Sven Van Caekenberghe
June 2012
(This is a draft)
CSV (Comma Separated Values) is a popular data-interchange format. NeoCSV is an elegant and efficient standalone Smalltalk framework to read and write CSV converting to or from Smalltalk objects.
CSV is a lightweight text-based de facto standard for human-readable tabular data interchange. Essentially, the key characteristics are that CSV (or more generally, delimiter separated text data):
- is text based (ASCII, Latin1, Unicode)
- consists of records, 1 per line (any line ending convention)
- where records consist of fields separated by a delimiter (comma, tab, semicolon)
- where every record has the same number of fields
- where fields can be quoted should they contain separators or line endings
Here are some relevant links:
Note that there is not one single offical standard specification.
The NeoCSV framework contains a reader (NeoCSVReader) and a writer (NeoCSVWriter) to parse respectively generate delimiter separated text data to or from Smalltalk objects.
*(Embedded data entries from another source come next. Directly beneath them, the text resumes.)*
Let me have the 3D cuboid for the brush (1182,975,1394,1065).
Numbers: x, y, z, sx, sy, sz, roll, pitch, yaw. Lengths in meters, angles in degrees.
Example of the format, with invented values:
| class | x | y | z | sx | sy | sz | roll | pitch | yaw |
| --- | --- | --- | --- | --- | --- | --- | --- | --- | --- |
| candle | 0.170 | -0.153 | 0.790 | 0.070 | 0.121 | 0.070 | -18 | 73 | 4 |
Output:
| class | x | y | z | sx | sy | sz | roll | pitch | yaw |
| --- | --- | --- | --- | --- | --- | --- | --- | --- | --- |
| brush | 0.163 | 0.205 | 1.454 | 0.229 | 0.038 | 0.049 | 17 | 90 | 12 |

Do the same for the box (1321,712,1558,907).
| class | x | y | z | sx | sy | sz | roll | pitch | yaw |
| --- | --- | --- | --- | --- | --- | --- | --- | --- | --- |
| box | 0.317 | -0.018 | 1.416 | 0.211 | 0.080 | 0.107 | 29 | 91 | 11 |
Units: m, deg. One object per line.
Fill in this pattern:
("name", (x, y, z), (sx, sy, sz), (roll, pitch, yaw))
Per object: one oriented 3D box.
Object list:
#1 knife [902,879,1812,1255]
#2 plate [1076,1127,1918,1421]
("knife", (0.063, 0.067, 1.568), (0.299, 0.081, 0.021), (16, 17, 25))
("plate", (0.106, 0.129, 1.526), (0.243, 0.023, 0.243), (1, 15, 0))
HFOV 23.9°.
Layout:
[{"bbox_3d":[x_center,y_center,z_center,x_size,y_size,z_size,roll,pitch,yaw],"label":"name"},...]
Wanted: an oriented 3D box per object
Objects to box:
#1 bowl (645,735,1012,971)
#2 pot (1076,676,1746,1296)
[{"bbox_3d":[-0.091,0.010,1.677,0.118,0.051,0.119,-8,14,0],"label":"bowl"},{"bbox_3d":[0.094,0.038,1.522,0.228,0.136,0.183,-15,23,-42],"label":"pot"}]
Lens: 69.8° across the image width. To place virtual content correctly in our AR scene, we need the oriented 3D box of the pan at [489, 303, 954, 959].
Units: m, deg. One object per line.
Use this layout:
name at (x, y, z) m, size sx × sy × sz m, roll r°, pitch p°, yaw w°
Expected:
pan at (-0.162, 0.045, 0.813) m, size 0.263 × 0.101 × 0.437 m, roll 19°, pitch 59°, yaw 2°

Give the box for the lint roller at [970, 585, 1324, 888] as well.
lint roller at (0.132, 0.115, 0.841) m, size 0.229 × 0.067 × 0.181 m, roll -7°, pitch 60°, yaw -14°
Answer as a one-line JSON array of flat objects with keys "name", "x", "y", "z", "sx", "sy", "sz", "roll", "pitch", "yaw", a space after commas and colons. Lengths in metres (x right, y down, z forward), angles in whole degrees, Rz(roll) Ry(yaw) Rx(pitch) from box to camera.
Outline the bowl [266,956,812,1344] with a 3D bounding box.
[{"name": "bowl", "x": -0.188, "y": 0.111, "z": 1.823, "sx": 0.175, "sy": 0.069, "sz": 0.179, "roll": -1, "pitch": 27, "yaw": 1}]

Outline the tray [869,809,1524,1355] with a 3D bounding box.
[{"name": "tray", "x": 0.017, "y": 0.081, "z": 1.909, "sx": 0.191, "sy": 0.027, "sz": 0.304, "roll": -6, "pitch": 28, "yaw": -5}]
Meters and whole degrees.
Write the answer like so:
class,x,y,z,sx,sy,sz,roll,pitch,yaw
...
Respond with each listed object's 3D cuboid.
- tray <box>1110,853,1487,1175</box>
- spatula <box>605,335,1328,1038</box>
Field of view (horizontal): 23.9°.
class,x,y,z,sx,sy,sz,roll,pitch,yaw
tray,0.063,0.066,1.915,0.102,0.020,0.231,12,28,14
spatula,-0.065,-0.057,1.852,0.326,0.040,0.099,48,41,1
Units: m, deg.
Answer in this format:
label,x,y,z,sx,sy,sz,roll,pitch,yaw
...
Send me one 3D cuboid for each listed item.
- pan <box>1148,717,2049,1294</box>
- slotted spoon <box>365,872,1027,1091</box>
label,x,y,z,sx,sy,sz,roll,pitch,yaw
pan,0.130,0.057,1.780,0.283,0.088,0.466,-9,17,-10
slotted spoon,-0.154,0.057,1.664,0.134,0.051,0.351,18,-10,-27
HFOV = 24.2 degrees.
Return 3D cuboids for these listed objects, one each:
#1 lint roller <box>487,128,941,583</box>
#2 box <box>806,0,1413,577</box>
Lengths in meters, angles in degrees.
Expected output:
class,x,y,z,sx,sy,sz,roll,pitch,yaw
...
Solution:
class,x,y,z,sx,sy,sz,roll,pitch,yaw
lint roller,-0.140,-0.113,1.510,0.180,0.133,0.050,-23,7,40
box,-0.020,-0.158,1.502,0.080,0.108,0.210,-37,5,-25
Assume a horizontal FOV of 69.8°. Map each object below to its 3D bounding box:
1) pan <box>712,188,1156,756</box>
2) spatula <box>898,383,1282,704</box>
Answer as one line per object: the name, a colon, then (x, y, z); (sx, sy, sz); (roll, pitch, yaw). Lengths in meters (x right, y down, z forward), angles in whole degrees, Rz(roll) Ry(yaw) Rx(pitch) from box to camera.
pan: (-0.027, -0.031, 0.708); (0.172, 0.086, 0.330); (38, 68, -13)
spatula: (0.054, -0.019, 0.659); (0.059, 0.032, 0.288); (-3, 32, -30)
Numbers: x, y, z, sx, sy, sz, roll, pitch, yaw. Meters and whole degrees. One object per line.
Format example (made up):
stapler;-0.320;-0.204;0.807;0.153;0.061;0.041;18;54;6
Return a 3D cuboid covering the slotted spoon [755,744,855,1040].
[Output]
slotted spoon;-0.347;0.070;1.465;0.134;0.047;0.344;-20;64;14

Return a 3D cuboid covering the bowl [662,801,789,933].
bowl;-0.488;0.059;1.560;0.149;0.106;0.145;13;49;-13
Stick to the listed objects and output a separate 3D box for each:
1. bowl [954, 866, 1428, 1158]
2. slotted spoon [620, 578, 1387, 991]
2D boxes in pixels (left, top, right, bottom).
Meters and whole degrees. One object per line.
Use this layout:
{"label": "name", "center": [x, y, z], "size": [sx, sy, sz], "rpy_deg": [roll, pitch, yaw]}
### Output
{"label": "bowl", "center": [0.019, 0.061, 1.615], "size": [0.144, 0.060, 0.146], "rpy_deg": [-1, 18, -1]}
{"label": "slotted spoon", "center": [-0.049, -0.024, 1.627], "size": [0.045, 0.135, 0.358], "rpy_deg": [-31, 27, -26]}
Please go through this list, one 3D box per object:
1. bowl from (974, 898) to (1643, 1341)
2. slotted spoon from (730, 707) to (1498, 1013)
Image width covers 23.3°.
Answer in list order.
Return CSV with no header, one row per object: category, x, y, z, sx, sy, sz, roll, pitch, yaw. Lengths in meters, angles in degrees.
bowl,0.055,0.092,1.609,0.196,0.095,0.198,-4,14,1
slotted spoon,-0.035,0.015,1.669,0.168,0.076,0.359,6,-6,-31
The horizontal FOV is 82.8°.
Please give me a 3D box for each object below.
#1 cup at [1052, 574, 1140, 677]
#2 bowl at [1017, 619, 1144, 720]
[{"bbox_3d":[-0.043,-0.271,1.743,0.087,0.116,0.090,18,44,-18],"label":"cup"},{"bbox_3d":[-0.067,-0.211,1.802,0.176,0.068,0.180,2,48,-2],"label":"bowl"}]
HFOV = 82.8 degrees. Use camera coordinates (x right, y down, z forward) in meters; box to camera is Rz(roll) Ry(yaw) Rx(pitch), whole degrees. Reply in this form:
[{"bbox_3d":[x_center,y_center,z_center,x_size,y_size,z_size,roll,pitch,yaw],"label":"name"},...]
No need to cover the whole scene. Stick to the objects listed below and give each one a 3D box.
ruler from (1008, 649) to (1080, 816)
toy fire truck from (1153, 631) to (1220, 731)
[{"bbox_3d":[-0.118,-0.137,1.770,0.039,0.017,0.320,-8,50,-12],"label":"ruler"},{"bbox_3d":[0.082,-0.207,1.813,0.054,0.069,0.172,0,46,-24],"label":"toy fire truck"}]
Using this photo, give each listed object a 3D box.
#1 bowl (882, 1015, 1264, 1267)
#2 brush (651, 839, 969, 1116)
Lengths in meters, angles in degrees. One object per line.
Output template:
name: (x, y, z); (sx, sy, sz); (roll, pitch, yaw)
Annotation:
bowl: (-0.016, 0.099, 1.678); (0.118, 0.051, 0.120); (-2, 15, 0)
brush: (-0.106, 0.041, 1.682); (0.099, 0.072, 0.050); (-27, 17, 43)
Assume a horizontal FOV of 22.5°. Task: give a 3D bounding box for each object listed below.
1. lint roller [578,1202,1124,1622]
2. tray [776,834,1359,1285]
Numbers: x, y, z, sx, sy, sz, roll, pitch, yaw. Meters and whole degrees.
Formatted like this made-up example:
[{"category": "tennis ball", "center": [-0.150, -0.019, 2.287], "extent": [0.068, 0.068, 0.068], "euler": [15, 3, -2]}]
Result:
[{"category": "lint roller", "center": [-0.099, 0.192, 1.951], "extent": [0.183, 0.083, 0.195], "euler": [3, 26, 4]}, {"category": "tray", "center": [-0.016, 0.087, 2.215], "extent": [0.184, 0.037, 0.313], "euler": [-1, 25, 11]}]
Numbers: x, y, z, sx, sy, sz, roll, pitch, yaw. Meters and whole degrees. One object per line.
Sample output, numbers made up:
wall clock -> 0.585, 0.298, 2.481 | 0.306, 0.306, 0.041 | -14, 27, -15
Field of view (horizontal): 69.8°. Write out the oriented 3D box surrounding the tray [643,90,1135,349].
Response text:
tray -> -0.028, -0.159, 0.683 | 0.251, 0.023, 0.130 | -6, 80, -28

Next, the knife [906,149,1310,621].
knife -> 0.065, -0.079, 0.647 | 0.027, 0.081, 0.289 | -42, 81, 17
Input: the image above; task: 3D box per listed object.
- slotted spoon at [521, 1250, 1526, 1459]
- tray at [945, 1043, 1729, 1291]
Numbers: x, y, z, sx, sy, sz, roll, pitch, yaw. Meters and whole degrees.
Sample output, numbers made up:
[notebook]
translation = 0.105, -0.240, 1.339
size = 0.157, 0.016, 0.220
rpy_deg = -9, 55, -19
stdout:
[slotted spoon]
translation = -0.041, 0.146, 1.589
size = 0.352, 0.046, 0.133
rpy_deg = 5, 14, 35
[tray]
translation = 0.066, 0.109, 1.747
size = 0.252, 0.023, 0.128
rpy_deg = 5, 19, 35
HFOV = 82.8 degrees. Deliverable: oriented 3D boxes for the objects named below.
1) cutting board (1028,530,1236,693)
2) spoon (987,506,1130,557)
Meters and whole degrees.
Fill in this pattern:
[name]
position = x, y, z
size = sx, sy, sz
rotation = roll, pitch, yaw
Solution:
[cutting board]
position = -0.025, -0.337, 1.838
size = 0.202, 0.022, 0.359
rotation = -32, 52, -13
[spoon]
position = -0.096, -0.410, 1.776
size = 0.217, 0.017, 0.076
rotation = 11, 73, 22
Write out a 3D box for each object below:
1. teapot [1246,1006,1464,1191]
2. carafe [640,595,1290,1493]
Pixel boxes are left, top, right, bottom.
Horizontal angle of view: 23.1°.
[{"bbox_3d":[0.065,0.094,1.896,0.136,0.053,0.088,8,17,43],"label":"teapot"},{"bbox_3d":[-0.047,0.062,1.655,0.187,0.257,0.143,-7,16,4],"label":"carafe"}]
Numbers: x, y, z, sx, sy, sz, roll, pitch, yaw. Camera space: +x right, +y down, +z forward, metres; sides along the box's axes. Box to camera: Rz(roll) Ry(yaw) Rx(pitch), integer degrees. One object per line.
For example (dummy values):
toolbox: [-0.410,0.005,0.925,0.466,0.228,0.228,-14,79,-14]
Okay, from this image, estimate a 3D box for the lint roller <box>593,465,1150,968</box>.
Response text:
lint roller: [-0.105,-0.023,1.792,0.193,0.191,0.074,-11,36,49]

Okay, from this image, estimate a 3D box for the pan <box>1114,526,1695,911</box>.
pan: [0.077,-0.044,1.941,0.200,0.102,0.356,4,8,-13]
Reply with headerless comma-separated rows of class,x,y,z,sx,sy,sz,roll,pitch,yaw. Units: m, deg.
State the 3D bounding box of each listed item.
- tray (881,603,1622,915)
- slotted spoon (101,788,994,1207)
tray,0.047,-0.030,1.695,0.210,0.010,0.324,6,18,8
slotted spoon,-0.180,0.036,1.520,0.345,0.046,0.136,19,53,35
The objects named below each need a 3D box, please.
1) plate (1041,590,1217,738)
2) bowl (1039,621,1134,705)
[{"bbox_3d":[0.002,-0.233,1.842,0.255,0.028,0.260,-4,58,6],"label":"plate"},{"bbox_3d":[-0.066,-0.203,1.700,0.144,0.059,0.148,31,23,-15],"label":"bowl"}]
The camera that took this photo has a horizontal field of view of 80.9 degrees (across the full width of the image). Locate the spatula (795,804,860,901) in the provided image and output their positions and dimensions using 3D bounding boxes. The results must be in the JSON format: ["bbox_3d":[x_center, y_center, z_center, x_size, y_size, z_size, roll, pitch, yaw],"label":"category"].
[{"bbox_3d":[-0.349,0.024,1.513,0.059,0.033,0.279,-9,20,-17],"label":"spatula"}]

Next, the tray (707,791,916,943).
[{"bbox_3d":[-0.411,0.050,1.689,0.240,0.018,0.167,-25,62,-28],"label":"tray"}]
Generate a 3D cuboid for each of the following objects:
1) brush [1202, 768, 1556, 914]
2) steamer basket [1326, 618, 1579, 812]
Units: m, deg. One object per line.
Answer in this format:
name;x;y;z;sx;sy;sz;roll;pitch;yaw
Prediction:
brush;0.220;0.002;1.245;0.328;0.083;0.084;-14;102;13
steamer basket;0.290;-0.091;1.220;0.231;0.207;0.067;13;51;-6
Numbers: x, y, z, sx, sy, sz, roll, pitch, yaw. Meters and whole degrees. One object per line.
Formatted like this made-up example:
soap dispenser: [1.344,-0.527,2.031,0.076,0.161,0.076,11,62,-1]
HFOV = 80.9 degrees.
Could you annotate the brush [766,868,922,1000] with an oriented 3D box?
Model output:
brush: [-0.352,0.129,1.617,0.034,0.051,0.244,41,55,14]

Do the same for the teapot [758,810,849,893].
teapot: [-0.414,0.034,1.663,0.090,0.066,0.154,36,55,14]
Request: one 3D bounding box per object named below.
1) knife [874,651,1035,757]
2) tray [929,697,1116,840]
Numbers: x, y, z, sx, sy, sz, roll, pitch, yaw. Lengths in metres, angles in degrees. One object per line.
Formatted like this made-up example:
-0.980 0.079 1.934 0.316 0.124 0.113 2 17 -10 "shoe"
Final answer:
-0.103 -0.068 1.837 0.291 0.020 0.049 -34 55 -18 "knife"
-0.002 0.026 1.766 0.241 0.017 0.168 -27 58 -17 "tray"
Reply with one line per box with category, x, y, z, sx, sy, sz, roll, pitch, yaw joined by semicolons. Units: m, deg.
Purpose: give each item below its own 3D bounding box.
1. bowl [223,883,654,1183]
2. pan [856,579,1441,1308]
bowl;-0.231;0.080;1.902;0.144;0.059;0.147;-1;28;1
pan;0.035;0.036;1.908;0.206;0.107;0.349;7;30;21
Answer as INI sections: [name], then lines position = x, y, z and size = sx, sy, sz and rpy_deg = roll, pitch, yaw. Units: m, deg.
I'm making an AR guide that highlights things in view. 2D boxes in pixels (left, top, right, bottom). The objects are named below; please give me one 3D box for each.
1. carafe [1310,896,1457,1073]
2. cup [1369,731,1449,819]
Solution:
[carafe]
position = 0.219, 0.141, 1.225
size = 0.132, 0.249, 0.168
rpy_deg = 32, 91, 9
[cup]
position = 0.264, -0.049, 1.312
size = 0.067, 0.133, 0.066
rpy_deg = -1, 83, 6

The goals of this project are:
- to be standalone (have no dependencies and have little requirements)
- to be small, elegant and understandable
- to be efficient (both in time and space)
- to be flexible and non-intrusive
To use either the reader or the writer, you instanciate them on a character stream and use standard stream access messages. Here are two examples:
(NeoCSVReader on: '1,2,3\4,5,6\7,8,9' withCRs readStream) upToEnd.
String streamContents: [ :stream |
(NeoCSVWriter on: stream)
nextPutAll: #( (x y z) (10 20 30) (40 50 60) (70 80 90) ) ].
NeoCSV can operate in generic mode without any further customization. While writing,
- record objects should respond to the #do: protocol
- fields are always send #asString and quoted
- CRLF line ending is used
While reading,
- records become arrays
- fields remain strings
- any line ending is accepted
- both quoted and unquoted fields are allowed
The standard delimiter is a comma character. Quoting is always done using a double quote character. A double quote character inside a field will be escaped by repeating it. Field separators and line endings are allowed inside a quoted field. All whitespace is significant.
Any character can be used as field separator, for example:
neoCSVWriter separator: Character tab
or
neoCSVWriter separator: $;
Likewise, any of the 3 common line end conventions can be set:
neoCSVWriter lineEndConvention: #cr
There are 3 ways a field can be written (in increasing order of efficiency):
- quoted - converting it with #asString and quoting it (the default)
- raw - converting it with #asString but not quoting it
- object - not quoting it and using #printOn: directly on the output stream
Obviously, when disabling qouting, you have to be sure your values do not contain embedded separators or line endings. If you are writing arrays of numbers for example, this would be the fastest way to do it:
neoCSVWriter
fieldWriter: #object;
nextPutAll: #( (100 200 300) (400 500 600) (700 800 900) )
The fieldWriter option applies to all fields.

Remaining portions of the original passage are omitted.